Stefania Jaconis legge ‘Liberalism and Chinese Economic Development’ curato da Gilles Campagnolo e si chiede: come definire la Cina oggi? Quali sono le caratteristiche salienti di un modello di sviluppo che può essere compreso solo tenendo conto di un contesto il più ampio possibile, che è quello della civiltà dell’Asia Orientale? Jaconis sottolinea che per rispondere a queste domande è necessario tenere conto in modo integrato di molti aspetti - economici, socioculturali e giuridici -e che il merito principale del volume è di riuscire a farlo.
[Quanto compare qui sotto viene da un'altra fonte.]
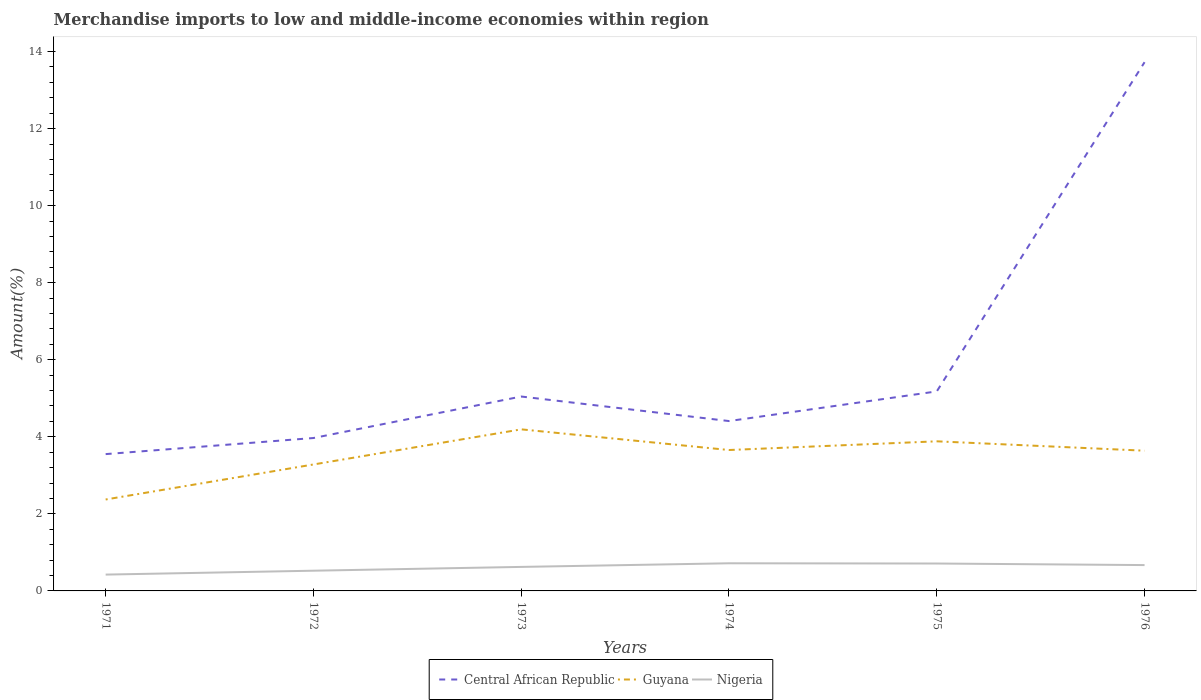How many different coloured lines are there?
Your response must be concise. 3. Does the line corresponding to Nigeria intersect with the line corresponding to Central African Republic?
Your response must be concise. No. Across all years, what is the maximum percentage of amount earned from merchandise imports in Nigeria?
Your response must be concise. 0.42. In which year was the percentage of amount earned from merchandise imports in Guyana maximum?
Keep it short and to the point. 1971. What is the total percentage of amount earned from merchandise imports in Guyana in the graph?
Your response must be concise. -0.38. What is the difference between the highest and the second highest percentage of amount earned from merchandise imports in Central African Republic?
Make the answer very short. 10.17. What is the difference between the highest and the lowest percentage of amount earned from merchandise imports in Nigeria?
Keep it short and to the point. 4. Does the graph contain any zero values?
Your answer should be compact. No. Does the graph contain grids?
Your response must be concise. No. How are the legend labels stacked?
Provide a short and direct response. Horizontal. What is the title of the graph?
Keep it short and to the point. Merchandise imports to low and middle-income economies within region. What is the label or title of the Y-axis?
Your answer should be compact. Amount(%). What is the Amount(%) in Central African Republic in 1971?
Make the answer very short. 3.55. What is the Amount(%) of Guyana in 1971?
Provide a succinct answer. 2.37. What is the Amount(%) of Nigeria in 1971?
Your answer should be very brief. 0.42. What is the Amount(%) in Central African Republic in 1972?
Make the answer very short. 3.97. What is the Amount(%) of Guyana in 1972?
Your answer should be compact. 3.28. What is the Amount(%) of Nigeria in 1972?
Offer a terse response. 0.52. What is the Amount(%) of Central African Republic in 1973?
Keep it short and to the point. 5.05. What is the Amount(%) of Guyana in 1973?
Give a very brief answer. 4.19. What is the Amount(%) in Nigeria in 1973?
Offer a terse response. 0.62. What is the Amount(%) in Central African Republic in 1974?
Offer a terse response. 4.41. What is the Amount(%) of Guyana in 1974?
Make the answer very short. 3.66. What is the Amount(%) of Nigeria in 1974?
Ensure brevity in your answer.  0.72. What is the Amount(%) of Central African Republic in 1975?
Make the answer very short. 5.18. What is the Amount(%) of Guyana in 1975?
Give a very brief answer. 3.88. What is the Amount(%) of Nigeria in 1975?
Keep it short and to the point. 0.71. What is the Amount(%) in Central African Republic in 1976?
Ensure brevity in your answer.  13.72. What is the Amount(%) in Guyana in 1976?
Your answer should be very brief. 3.64. What is the Amount(%) in Nigeria in 1976?
Your response must be concise. 0.67. Across all years, what is the maximum Amount(%) of Central African Republic?
Ensure brevity in your answer.  13.72. Across all years, what is the maximum Amount(%) in Guyana?
Your response must be concise. 4.19. Across all years, what is the maximum Amount(%) in Nigeria?
Your answer should be very brief. 0.72. Across all years, what is the minimum Amount(%) of Central African Republic?
Provide a short and direct response. 3.55. Across all years, what is the minimum Amount(%) in Guyana?
Provide a succinct answer. 2.37. Across all years, what is the minimum Amount(%) of Nigeria?
Provide a short and direct response. 0.42. What is the total Amount(%) in Central African Republic in the graph?
Your response must be concise. 35.88. What is the total Amount(%) of Guyana in the graph?
Your response must be concise. 21.03. What is the total Amount(%) of Nigeria in the graph?
Give a very brief answer. 3.67. What is the difference between the Amount(%) of Central African Republic in 1971 and that in 1972?
Give a very brief answer. -0.42. What is the difference between the Amount(%) of Guyana in 1971 and that in 1972?
Your response must be concise. -0.91. What is the difference between the Amount(%) in Nigeria in 1971 and that in 1972?
Keep it short and to the point. -0.1. What is the difference between the Amount(%) in Central African Republic in 1971 and that in 1973?
Give a very brief answer. -1.49. What is the difference between the Amount(%) in Guyana in 1971 and that in 1973?
Give a very brief answer. -1.82. What is the difference between the Amount(%) in Nigeria in 1971 and that in 1973?
Provide a short and direct response. -0.2. What is the difference between the Amount(%) in Central African Republic in 1971 and that in 1974?
Keep it short and to the point. -0.86. What is the difference between the Amount(%) in Guyana in 1971 and that in 1974?
Keep it short and to the point. -1.28. What is the difference between the Amount(%) in Nigeria in 1971 and that in 1974?
Offer a very short reply. -0.29. What is the difference between the Amount(%) of Central African Republic in 1971 and that in 1975?
Offer a terse response. -1.63. What is the difference between the Amount(%) of Guyana in 1971 and that in 1975?
Make the answer very short. -1.51. What is the difference between the Amount(%) of Nigeria in 1971 and that in 1975?
Make the answer very short. -0.29. What is the difference between the Amount(%) of Central African Republic in 1971 and that in 1976?
Your response must be concise. -10.17. What is the difference between the Amount(%) of Guyana in 1971 and that in 1976?
Keep it short and to the point. -1.27. What is the difference between the Amount(%) of Nigeria in 1971 and that in 1976?
Offer a very short reply. -0.25. What is the difference between the Amount(%) in Central African Republic in 1972 and that in 1973?
Your answer should be very brief. -1.08. What is the difference between the Amount(%) in Guyana in 1972 and that in 1973?
Keep it short and to the point. -0.91. What is the difference between the Amount(%) in Nigeria in 1972 and that in 1973?
Keep it short and to the point. -0.1. What is the difference between the Amount(%) of Central African Republic in 1972 and that in 1974?
Offer a terse response. -0.44. What is the difference between the Amount(%) of Guyana in 1972 and that in 1974?
Provide a succinct answer. -0.38. What is the difference between the Amount(%) of Nigeria in 1972 and that in 1974?
Ensure brevity in your answer.  -0.19. What is the difference between the Amount(%) of Central African Republic in 1972 and that in 1975?
Give a very brief answer. -1.21. What is the difference between the Amount(%) in Guyana in 1972 and that in 1975?
Offer a terse response. -0.6. What is the difference between the Amount(%) of Nigeria in 1972 and that in 1975?
Provide a short and direct response. -0.19. What is the difference between the Amount(%) in Central African Republic in 1972 and that in 1976?
Provide a succinct answer. -9.76. What is the difference between the Amount(%) in Guyana in 1972 and that in 1976?
Your answer should be very brief. -0.36. What is the difference between the Amount(%) of Nigeria in 1972 and that in 1976?
Your answer should be very brief. -0.15. What is the difference between the Amount(%) of Central African Republic in 1973 and that in 1974?
Ensure brevity in your answer.  0.64. What is the difference between the Amount(%) of Guyana in 1973 and that in 1974?
Give a very brief answer. 0.54. What is the difference between the Amount(%) in Nigeria in 1973 and that in 1974?
Your answer should be compact. -0.09. What is the difference between the Amount(%) in Central African Republic in 1973 and that in 1975?
Provide a short and direct response. -0.13. What is the difference between the Amount(%) in Guyana in 1973 and that in 1975?
Your response must be concise. 0.31. What is the difference between the Amount(%) in Nigeria in 1973 and that in 1975?
Offer a very short reply. -0.09. What is the difference between the Amount(%) of Central African Republic in 1973 and that in 1976?
Offer a very short reply. -8.68. What is the difference between the Amount(%) in Guyana in 1973 and that in 1976?
Your response must be concise. 0.55. What is the difference between the Amount(%) of Nigeria in 1973 and that in 1976?
Offer a terse response. -0.05. What is the difference between the Amount(%) of Central African Republic in 1974 and that in 1975?
Provide a short and direct response. -0.77. What is the difference between the Amount(%) of Guyana in 1974 and that in 1975?
Offer a terse response. -0.23. What is the difference between the Amount(%) of Nigeria in 1974 and that in 1975?
Give a very brief answer. 0.01. What is the difference between the Amount(%) of Central African Republic in 1974 and that in 1976?
Offer a terse response. -9.31. What is the difference between the Amount(%) in Guyana in 1974 and that in 1976?
Offer a very short reply. 0.02. What is the difference between the Amount(%) in Nigeria in 1974 and that in 1976?
Your answer should be compact. 0.05. What is the difference between the Amount(%) in Central African Republic in 1975 and that in 1976?
Offer a terse response. -8.54. What is the difference between the Amount(%) in Guyana in 1975 and that in 1976?
Give a very brief answer. 0.24. What is the difference between the Amount(%) in Nigeria in 1975 and that in 1976?
Your response must be concise. 0.04. What is the difference between the Amount(%) of Central African Republic in 1971 and the Amount(%) of Guyana in 1972?
Give a very brief answer. 0.27. What is the difference between the Amount(%) in Central African Republic in 1971 and the Amount(%) in Nigeria in 1972?
Provide a short and direct response. 3.03. What is the difference between the Amount(%) in Guyana in 1971 and the Amount(%) in Nigeria in 1972?
Keep it short and to the point. 1.85. What is the difference between the Amount(%) of Central African Republic in 1971 and the Amount(%) of Guyana in 1973?
Your response must be concise. -0.64. What is the difference between the Amount(%) of Central African Republic in 1971 and the Amount(%) of Nigeria in 1973?
Your answer should be compact. 2.93. What is the difference between the Amount(%) in Guyana in 1971 and the Amount(%) in Nigeria in 1973?
Your response must be concise. 1.75. What is the difference between the Amount(%) in Central African Republic in 1971 and the Amount(%) in Guyana in 1974?
Your answer should be compact. -0.11. What is the difference between the Amount(%) of Central African Republic in 1971 and the Amount(%) of Nigeria in 1974?
Give a very brief answer. 2.83. What is the difference between the Amount(%) of Guyana in 1971 and the Amount(%) of Nigeria in 1974?
Your answer should be compact. 1.66. What is the difference between the Amount(%) in Central African Republic in 1971 and the Amount(%) in Guyana in 1975?
Make the answer very short. -0.33. What is the difference between the Amount(%) of Central African Republic in 1971 and the Amount(%) of Nigeria in 1975?
Make the answer very short. 2.84. What is the difference between the Amount(%) in Guyana in 1971 and the Amount(%) in Nigeria in 1975?
Offer a very short reply. 1.66. What is the difference between the Amount(%) of Central African Republic in 1971 and the Amount(%) of Guyana in 1976?
Make the answer very short. -0.09. What is the difference between the Amount(%) in Central African Republic in 1971 and the Amount(%) in Nigeria in 1976?
Offer a terse response. 2.88. What is the difference between the Amount(%) of Guyana in 1971 and the Amount(%) of Nigeria in 1976?
Offer a very short reply. 1.7. What is the difference between the Amount(%) of Central African Republic in 1972 and the Amount(%) of Guyana in 1973?
Provide a short and direct response. -0.23. What is the difference between the Amount(%) in Central African Republic in 1972 and the Amount(%) in Nigeria in 1973?
Your answer should be compact. 3.35. What is the difference between the Amount(%) in Guyana in 1972 and the Amount(%) in Nigeria in 1973?
Keep it short and to the point. 2.66. What is the difference between the Amount(%) in Central African Republic in 1972 and the Amount(%) in Guyana in 1974?
Give a very brief answer. 0.31. What is the difference between the Amount(%) of Central African Republic in 1972 and the Amount(%) of Nigeria in 1974?
Make the answer very short. 3.25. What is the difference between the Amount(%) of Guyana in 1972 and the Amount(%) of Nigeria in 1974?
Ensure brevity in your answer.  2.56. What is the difference between the Amount(%) in Central African Republic in 1972 and the Amount(%) in Guyana in 1975?
Your answer should be very brief. 0.09. What is the difference between the Amount(%) of Central African Republic in 1972 and the Amount(%) of Nigeria in 1975?
Make the answer very short. 3.26. What is the difference between the Amount(%) in Guyana in 1972 and the Amount(%) in Nigeria in 1975?
Ensure brevity in your answer.  2.57. What is the difference between the Amount(%) in Central African Republic in 1972 and the Amount(%) in Guyana in 1976?
Your response must be concise. 0.33. What is the difference between the Amount(%) in Central African Republic in 1972 and the Amount(%) in Nigeria in 1976?
Provide a succinct answer. 3.3. What is the difference between the Amount(%) of Guyana in 1972 and the Amount(%) of Nigeria in 1976?
Offer a terse response. 2.61. What is the difference between the Amount(%) of Central African Republic in 1973 and the Amount(%) of Guyana in 1974?
Provide a short and direct response. 1.39. What is the difference between the Amount(%) of Central African Republic in 1973 and the Amount(%) of Nigeria in 1974?
Offer a very short reply. 4.33. What is the difference between the Amount(%) of Guyana in 1973 and the Amount(%) of Nigeria in 1974?
Offer a terse response. 3.48. What is the difference between the Amount(%) in Central African Republic in 1973 and the Amount(%) in Guyana in 1975?
Offer a terse response. 1.16. What is the difference between the Amount(%) of Central African Republic in 1973 and the Amount(%) of Nigeria in 1975?
Offer a very short reply. 4.33. What is the difference between the Amount(%) in Guyana in 1973 and the Amount(%) in Nigeria in 1975?
Your answer should be very brief. 3.48. What is the difference between the Amount(%) of Central African Republic in 1973 and the Amount(%) of Guyana in 1976?
Ensure brevity in your answer.  1.41. What is the difference between the Amount(%) of Central African Republic in 1973 and the Amount(%) of Nigeria in 1976?
Provide a short and direct response. 4.37. What is the difference between the Amount(%) of Guyana in 1973 and the Amount(%) of Nigeria in 1976?
Give a very brief answer. 3.52. What is the difference between the Amount(%) in Central African Republic in 1974 and the Amount(%) in Guyana in 1975?
Keep it short and to the point. 0.53. What is the difference between the Amount(%) in Central African Republic in 1974 and the Amount(%) in Nigeria in 1975?
Your answer should be very brief. 3.7. What is the difference between the Amount(%) of Guyana in 1974 and the Amount(%) of Nigeria in 1975?
Provide a short and direct response. 2.95. What is the difference between the Amount(%) of Central African Republic in 1974 and the Amount(%) of Guyana in 1976?
Provide a succinct answer. 0.77. What is the difference between the Amount(%) of Central African Republic in 1974 and the Amount(%) of Nigeria in 1976?
Your response must be concise. 3.74. What is the difference between the Amount(%) of Guyana in 1974 and the Amount(%) of Nigeria in 1976?
Ensure brevity in your answer.  2.99. What is the difference between the Amount(%) in Central African Republic in 1975 and the Amount(%) in Guyana in 1976?
Make the answer very short. 1.54. What is the difference between the Amount(%) in Central African Republic in 1975 and the Amount(%) in Nigeria in 1976?
Ensure brevity in your answer.  4.51. What is the difference between the Amount(%) in Guyana in 1975 and the Amount(%) in Nigeria in 1976?
Provide a succinct answer. 3.21. What is the average Amount(%) of Central African Republic per year?
Make the answer very short. 5.98. What is the average Amount(%) of Guyana per year?
Offer a very short reply. 3.5. What is the average Amount(%) of Nigeria per year?
Keep it short and to the point. 0.61. In the year 1971, what is the difference between the Amount(%) of Central African Republic and Amount(%) of Guyana?
Make the answer very short. 1.18. In the year 1971, what is the difference between the Amount(%) of Central African Republic and Amount(%) of Nigeria?
Your answer should be very brief. 3.13. In the year 1971, what is the difference between the Amount(%) of Guyana and Amount(%) of Nigeria?
Ensure brevity in your answer.  1.95. In the year 1972, what is the difference between the Amount(%) in Central African Republic and Amount(%) in Guyana?
Give a very brief answer. 0.69. In the year 1972, what is the difference between the Amount(%) in Central African Republic and Amount(%) in Nigeria?
Make the answer very short. 3.44. In the year 1972, what is the difference between the Amount(%) of Guyana and Amount(%) of Nigeria?
Your answer should be compact. 2.76. In the year 1973, what is the difference between the Amount(%) of Central African Republic and Amount(%) of Guyana?
Give a very brief answer. 0.85. In the year 1973, what is the difference between the Amount(%) in Central African Republic and Amount(%) in Nigeria?
Give a very brief answer. 4.42. In the year 1973, what is the difference between the Amount(%) of Guyana and Amount(%) of Nigeria?
Give a very brief answer. 3.57. In the year 1974, what is the difference between the Amount(%) of Central African Republic and Amount(%) of Guyana?
Offer a very short reply. 0.75. In the year 1974, what is the difference between the Amount(%) of Central African Republic and Amount(%) of Nigeria?
Your response must be concise. 3.69. In the year 1974, what is the difference between the Amount(%) of Guyana and Amount(%) of Nigeria?
Make the answer very short. 2.94. In the year 1975, what is the difference between the Amount(%) of Central African Republic and Amount(%) of Guyana?
Offer a very short reply. 1.3. In the year 1975, what is the difference between the Amount(%) in Central African Republic and Amount(%) in Nigeria?
Provide a succinct answer. 4.47. In the year 1975, what is the difference between the Amount(%) of Guyana and Amount(%) of Nigeria?
Your answer should be very brief. 3.17. In the year 1976, what is the difference between the Amount(%) of Central African Republic and Amount(%) of Guyana?
Provide a succinct answer. 10.08. In the year 1976, what is the difference between the Amount(%) in Central African Republic and Amount(%) in Nigeria?
Your answer should be compact. 13.05. In the year 1976, what is the difference between the Amount(%) in Guyana and Amount(%) in Nigeria?
Offer a very short reply. 2.97. What is the ratio of the Amount(%) of Central African Republic in 1971 to that in 1972?
Your answer should be very brief. 0.89. What is the ratio of the Amount(%) in Guyana in 1971 to that in 1972?
Your answer should be compact. 0.72. What is the ratio of the Amount(%) of Nigeria in 1971 to that in 1972?
Your response must be concise. 0.81. What is the ratio of the Amount(%) of Central African Republic in 1971 to that in 1973?
Provide a succinct answer. 0.7. What is the ratio of the Amount(%) in Guyana in 1971 to that in 1973?
Provide a succinct answer. 0.57. What is the ratio of the Amount(%) in Nigeria in 1971 to that in 1973?
Ensure brevity in your answer.  0.68. What is the ratio of the Amount(%) of Central African Republic in 1971 to that in 1974?
Provide a short and direct response. 0.81. What is the ratio of the Amount(%) in Guyana in 1971 to that in 1974?
Provide a short and direct response. 0.65. What is the ratio of the Amount(%) in Nigeria in 1971 to that in 1974?
Offer a very short reply. 0.59. What is the ratio of the Amount(%) of Central African Republic in 1971 to that in 1975?
Your response must be concise. 0.69. What is the ratio of the Amount(%) in Guyana in 1971 to that in 1975?
Keep it short and to the point. 0.61. What is the ratio of the Amount(%) of Nigeria in 1971 to that in 1975?
Make the answer very short. 0.6. What is the ratio of the Amount(%) of Central African Republic in 1971 to that in 1976?
Your answer should be very brief. 0.26. What is the ratio of the Amount(%) in Guyana in 1971 to that in 1976?
Provide a short and direct response. 0.65. What is the ratio of the Amount(%) of Nigeria in 1971 to that in 1976?
Give a very brief answer. 0.63. What is the ratio of the Amount(%) in Central African Republic in 1972 to that in 1973?
Ensure brevity in your answer.  0.79. What is the ratio of the Amount(%) of Guyana in 1972 to that in 1973?
Offer a terse response. 0.78. What is the ratio of the Amount(%) in Nigeria in 1972 to that in 1973?
Your answer should be compact. 0.84. What is the ratio of the Amount(%) of Central African Republic in 1972 to that in 1974?
Offer a very short reply. 0.9. What is the ratio of the Amount(%) of Guyana in 1972 to that in 1974?
Your response must be concise. 0.9. What is the ratio of the Amount(%) of Nigeria in 1972 to that in 1974?
Keep it short and to the point. 0.73. What is the ratio of the Amount(%) of Central African Republic in 1972 to that in 1975?
Provide a succinct answer. 0.77. What is the ratio of the Amount(%) of Guyana in 1972 to that in 1975?
Make the answer very short. 0.85. What is the ratio of the Amount(%) in Nigeria in 1972 to that in 1975?
Give a very brief answer. 0.74. What is the ratio of the Amount(%) in Central African Republic in 1972 to that in 1976?
Provide a succinct answer. 0.29. What is the ratio of the Amount(%) of Guyana in 1972 to that in 1976?
Your response must be concise. 0.9. What is the ratio of the Amount(%) in Nigeria in 1972 to that in 1976?
Offer a terse response. 0.78. What is the ratio of the Amount(%) of Central African Republic in 1973 to that in 1974?
Offer a very short reply. 1.14. What is the ratio of the Amount(%) of Guyana in 1973 to that in 1974?
Your response must be concise. 1.15. What is the ratio of the Amount(%) in Nigeria in 1973 to that in 1974?
Your response must be concise. 0.87. What is the ratio of the Amount(%) of Central African Republic in 1973 to that in 1975?
Your answer should be very brief. 0.97. What is the ratio of the Amount(%) in Nigeria in 1973 to that in 1975?
Give a very brief answer. 0.88. What is the ratio of the Amount(%) in Central African Republic in 1973 to that in 1976?
Your response must be concise. 0.37. What is the ratio of the Amount(%) of Guyana in 1973 to that in 1976?
Offer a terse response. 1.15. What is the ratio of the Amount(%) in Nigeria in 1973 to that in 1976?
Offer a terse response. 0.93. What is the ratio of the Amount(%) in Central African Republic in 1974 to that in 1975?
Your response must be concise. 0.85. What is the ratio of the Amount(%) of Guyana in 1974 to that in 1975?
Offer a very short reply. 0.94. What is the ratio of the Amount(%) in Nigeria in 1974 to that in 1975?
Keep it short and to the point. 1.01. What is the ratio of the Amount(%) in Central African Republic in 1974 to that in 1976?
Give a very brief answer. 0.32. What is the ratio of the Amount(%) of Guyana in 1974 to that in 1976?
Make the answer very short. 1. What is the ratio of the Amount(%) in Nigeria in 1974 to that in 1976?
Your response must be concise. 1.07. What is the ratio of the Amount(%) of Central African Republic in 1975 to that in 1976?
Offer a terse response. 0.38. What is the ratio of the Amount(%) of Guyana in 1975 to that in 1976?
Offer a very short reply. 1.07. What is the ratio of the Amount(%) of Nigeria in 1975 to that in 1976?
Your answer should be compact. 1.06. What is the difference between the highest and the second highest Amount(%) of Central African Republic?
Your answer should be compact. 8.54. What is the difference between the highest and the second highest Amount(%) in Guyana?
Your answer should be compact. 0.31. What is the difference between the highest and the second highest Amount(%) in Nigeria?
Ensure brevity in your answer.  0.01. What is the difference between the highest and the lowest Amount(%) of Central African Republic?
Your answer should be very brief. 10.17. What is the difference between the highest and the lowest Amount(%) of Guyana?
Provide a short and direct response. 1.82. What is the difference between the highest and the lowest Amount(%) of Nigeria?
Keep it short and to the point. 0.29.

Ci sono libri che rispondono a domande correnti, libri che rispondono a domande che non ci siamo ancora posti, libri che rispondono a domande che, ex post, ci meravigliamo di non esserci mai fatte. Liberalism and Chinese Economic Development, a cura di Gilles Campagnolo (Routledge 2016) rientra decisamente in quest’ultima categoria. Frutto di un progetto internazionale e multidisciplinare finanziato dalla Comunità Europea e diretto da Gilles Campagnolo, il volume accoglie lavori di studiosi i cui campi di ricerca spaziano dall’orientalistica all’economia dello sviluppo, dalla teoria economica della giustizia alla filosofia politica, dalla filosofia economica alla sociologia.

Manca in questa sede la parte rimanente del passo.